Homilía del Domingo de Resurrección (Ciclo B)


DOMINGO DE RESURRECCIÓN (B)

Lecturas: Hch 10, 34a.37-43; 1 Co 5, 6b-8; Jn 20, 1-9

Motivo de júbilo. Cristo vive. Ésta es la gran verdad que llena de contenido nuestra fe. Jesús, que murió en la cruz, ha resucitado, ha triunfado de la muerte, del poder de las tinieblas, del dolor y de la angustia (San Josemaría Escrivá). La Iglesia celebra con júbilo el triunfo de Cristo, su Resurrección, que es la prueba mayor de la divinidad de Nuestro Señor. La fe de los cristianos es la Resurrección de Cristo; esto es lo que tenemos por cosa grande: el creer que resucitó (San Agustín).

La Resurrección del Señor es prenda de nuestra resurrección. Esperamos un Salvador, el Señor Jesucristo, que transformará el cuerpo de nuestra humillación, conforme a su cuerpo glorioso, según el poder que Él tiene de someter a Sí todas las cosas (Flp 3, 20-21). Sobre el cristiano, como sobre Jesús, la muerte no tiene la última palabra; el que vive en Cristo no muere para quedar muerto; muere para resucitar a una vida nueva y eterna. Nuestra muerte ha sido vencida y redimida. Los creyentes en Cristo estamos llamados al gozo de la resurrección y de la vida inmortal a través de la muerte.

Celebración de la fiesta. En la 2ª lectura, leemos: Celebremos la Pascua, no con levadura vieja (levadura de corrupción y de maldad), sino con los panes ázimos de la sinceridad y la verdad. Con estas palabras, san Pablo nos dice que debemos eliminar -tanto de la comunidad eclesial como de la vida personal- lo impuro y pecaminoso, simbolizados en la levadura vieja; y llevar una vida auténticamente cristiana, con ázimos, símbolo de lo limpio y puro. Sólo así, nuestros cuerpos, tras su disolución en la sepultura, resucitarán a su tiempo por el poder del Verbo de Dios para la gloria del Padre, que revestirá de inmortalidad nuestra carne corruptible, pues la omnipotencia de Dios se manifiesta perfecta en lo que es débil y caduco (San Ireneo de Lyon).

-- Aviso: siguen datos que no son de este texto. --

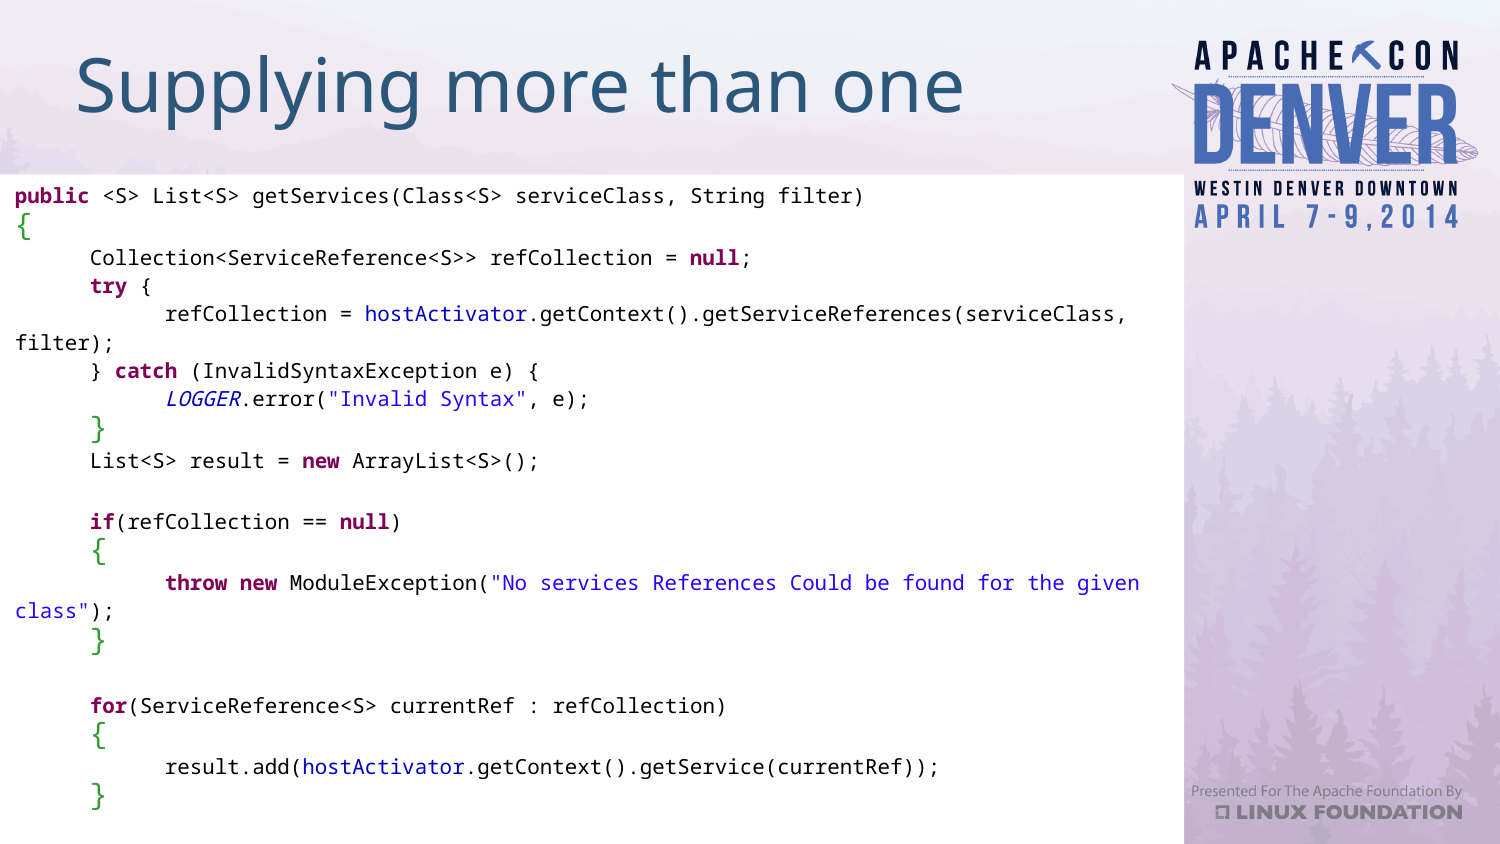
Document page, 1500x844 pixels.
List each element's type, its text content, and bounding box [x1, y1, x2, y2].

text_box Supplying more than one [60, 30, 1111, 130]
picture [0, 0, 1500, 844]
text_box public <S> List<S> getServices(Class<S> serviceClass, String filter) { Collection<ServiceReference<S>> refCollection = null; try { refCollection = hostActivator.getContext().getServiceReferences(serviceClass, filter); } catch (InvalidSyntaxException e) { LOGGER.error("Invalid Syntax", e); } List<S> result = new ArrayList<S>(); if(refCollection == null) { throw new ModuleException("No services References Could be found for the given class"); } for(ServiceReference<S> currentRef : refCollection) { result.add(hostActivator.getContext().getService(currentRef)); } return result; } [0, 174, 1185, 793]

Por tanto, fe en la resurrección del Señor y fe en que resucitaremos corporalmente un día. Pero también hay que tener fe en las resurrecciones espirituales después de nuestras caídas y miserias: todo lo puedo en Aquel que me conforta (Flp 4, 13).

Testimonio de la Resurrección. Salieron Pedro y el otro discípulo camino del sepulcro. El cuerpo de Cristo no estaba allí. Ambos vieron las vendas por el suelo y el sudario y creyeron. Pues hasta entonces no habían entendido la Escritura: que él había de resucitar de entre los muertos. Se dieron cuenta de que no podía tratarse de un robo, como suponía María Magdalena, al ver los lienzos y el sudario colocados de forma especial. A partir de entonces, para ellos, y para todos los cristianos, Cristo no es un crucificado vencido, sino un resucitado vencedor. Los Apóstoles darán testimonio de la Resurrección del Señor.

Y también nosotros, cristianos del siglo XXI, debemos testimoniar nuestra fe en Cristo. ¿De qué Cristo?, dirán algunos. Del Cristo eternamente joven, del Cristo vencedor de la muerte, del Cristo resucitado para siempre, del Cristo que en el Espíritu comunica la vida del Padre, del Cristo a quien debemos recurrir para fundamentar y asegurar la esperanza del mañana.